Article mis en ligne le mardi 6 novembre 2018

Le procès des « 7 de Briançon », poursuivis après leur participation à une manifestation contre l’action à la frontière des militants d’extrême-droite de Génération identitaire, démarre ce 8 novembre. Le tout sur fond de crise franco-italienne, après l’intrusion récente côté italien de gendarmes français refoulant des migrants. Au quotidien, sur les chemins alpins qui relient les deux pays, les réfugiés voient leurs droits piétinés, subissent des courses poursuites dangereuses, des humiliations et même des violences de la part des forces de l’ordre. Du point de vue des migrants, peut-on encore parler d’État de droit ?

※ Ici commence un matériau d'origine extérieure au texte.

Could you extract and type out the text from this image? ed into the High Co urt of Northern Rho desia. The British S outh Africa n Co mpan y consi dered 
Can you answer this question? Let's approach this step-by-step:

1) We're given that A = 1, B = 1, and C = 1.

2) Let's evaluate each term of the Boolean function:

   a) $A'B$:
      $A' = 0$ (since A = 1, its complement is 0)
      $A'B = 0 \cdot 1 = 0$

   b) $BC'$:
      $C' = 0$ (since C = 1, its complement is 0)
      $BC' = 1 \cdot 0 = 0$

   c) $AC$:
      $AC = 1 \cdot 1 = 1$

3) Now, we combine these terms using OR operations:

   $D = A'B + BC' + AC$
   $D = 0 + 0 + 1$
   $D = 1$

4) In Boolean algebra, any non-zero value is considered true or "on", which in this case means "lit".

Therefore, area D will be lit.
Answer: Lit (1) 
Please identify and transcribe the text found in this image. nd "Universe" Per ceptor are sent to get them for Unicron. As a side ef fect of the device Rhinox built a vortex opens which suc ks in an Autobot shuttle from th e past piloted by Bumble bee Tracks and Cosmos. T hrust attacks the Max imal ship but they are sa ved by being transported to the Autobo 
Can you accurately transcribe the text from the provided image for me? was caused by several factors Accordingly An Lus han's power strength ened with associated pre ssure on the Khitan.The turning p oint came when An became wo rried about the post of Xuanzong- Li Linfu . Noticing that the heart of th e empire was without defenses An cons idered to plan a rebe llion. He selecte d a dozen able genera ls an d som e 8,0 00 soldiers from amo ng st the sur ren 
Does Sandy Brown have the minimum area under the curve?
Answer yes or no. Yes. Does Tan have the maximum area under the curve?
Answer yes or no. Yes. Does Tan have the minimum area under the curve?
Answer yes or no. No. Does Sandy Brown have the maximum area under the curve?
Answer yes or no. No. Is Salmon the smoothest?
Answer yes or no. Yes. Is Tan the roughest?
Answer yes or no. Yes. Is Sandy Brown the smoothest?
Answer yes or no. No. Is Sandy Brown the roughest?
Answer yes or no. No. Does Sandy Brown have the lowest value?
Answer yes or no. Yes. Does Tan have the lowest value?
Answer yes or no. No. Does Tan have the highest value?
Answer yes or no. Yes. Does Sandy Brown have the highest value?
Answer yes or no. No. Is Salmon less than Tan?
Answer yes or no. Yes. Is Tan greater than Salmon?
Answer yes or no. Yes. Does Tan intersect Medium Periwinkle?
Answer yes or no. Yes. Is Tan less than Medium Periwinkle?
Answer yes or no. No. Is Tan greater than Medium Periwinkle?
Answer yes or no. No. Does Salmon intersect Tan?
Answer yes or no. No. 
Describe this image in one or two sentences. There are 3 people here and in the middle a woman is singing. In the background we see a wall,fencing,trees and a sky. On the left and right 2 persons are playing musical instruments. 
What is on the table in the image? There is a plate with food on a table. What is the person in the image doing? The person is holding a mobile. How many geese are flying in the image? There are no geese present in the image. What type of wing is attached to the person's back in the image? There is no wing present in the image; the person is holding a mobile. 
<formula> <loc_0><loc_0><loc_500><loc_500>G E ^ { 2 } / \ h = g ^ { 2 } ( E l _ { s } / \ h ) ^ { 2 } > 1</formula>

« Nous gérons ensemble une frontière commune et il y a ponctuellement, des deux côtés, de petits incidents regrettables. » Par ces mots diffusés dans la presse le 16 octobre, l’Élysée tentait de minimiser une crise diplomatique en train de gonfler avec l’Italie [1]. Le 12 octobre, deux gendarmes français étaient surpris par la police italienne sur la commune de Clavière, en train de déposer en camionnette, côté italien, deux réfugiés, ce qui déclencha l’ire de Matteo Salvini, le ministre de l’Intérieur issu du parti d’extrême droite La Ligue. Résultat, depuis le 20 octobre, des patrouilles de la police italienne gardent la frontière à l’entrée du village de Clavière, sur la route de Briançon à Turin.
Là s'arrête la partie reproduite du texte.